§ WHAT THE EXERCISE ASKS: Below are records; count how many of their lines contain the string "oriented", and give only that number.

[Dataset excerpts]
•••

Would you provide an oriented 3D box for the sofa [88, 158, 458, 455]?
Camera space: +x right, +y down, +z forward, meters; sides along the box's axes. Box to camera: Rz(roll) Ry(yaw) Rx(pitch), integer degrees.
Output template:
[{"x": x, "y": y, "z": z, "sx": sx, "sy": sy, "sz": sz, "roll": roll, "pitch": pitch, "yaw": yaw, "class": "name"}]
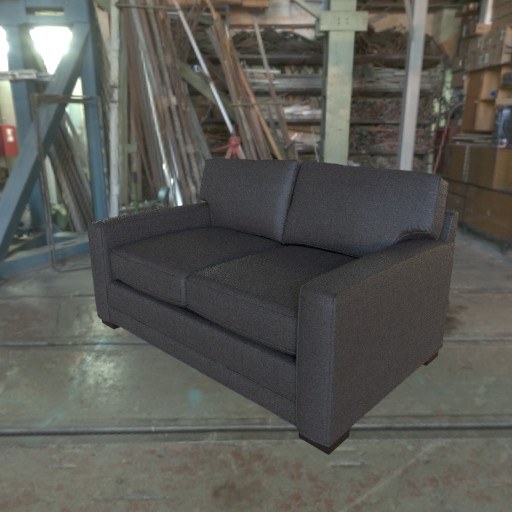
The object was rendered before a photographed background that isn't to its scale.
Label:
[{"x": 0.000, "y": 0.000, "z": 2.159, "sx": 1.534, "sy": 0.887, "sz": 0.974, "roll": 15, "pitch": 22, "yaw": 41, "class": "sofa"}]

•••

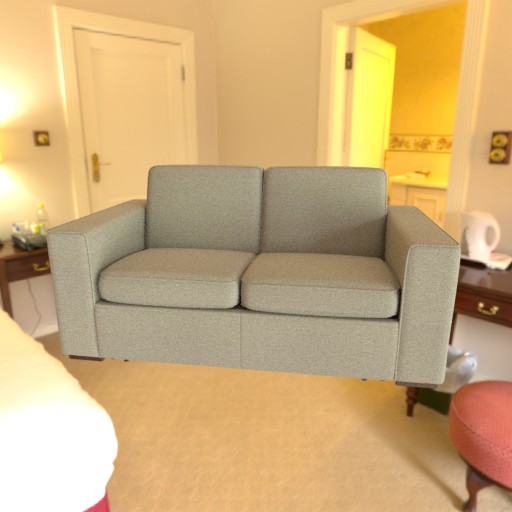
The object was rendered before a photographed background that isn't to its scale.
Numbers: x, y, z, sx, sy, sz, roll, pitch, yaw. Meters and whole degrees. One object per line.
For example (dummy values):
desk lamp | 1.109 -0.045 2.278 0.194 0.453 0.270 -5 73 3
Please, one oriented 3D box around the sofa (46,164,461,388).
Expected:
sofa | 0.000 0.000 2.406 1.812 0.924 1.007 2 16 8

•••

§ SOLUTION FOR THIS TASK: 2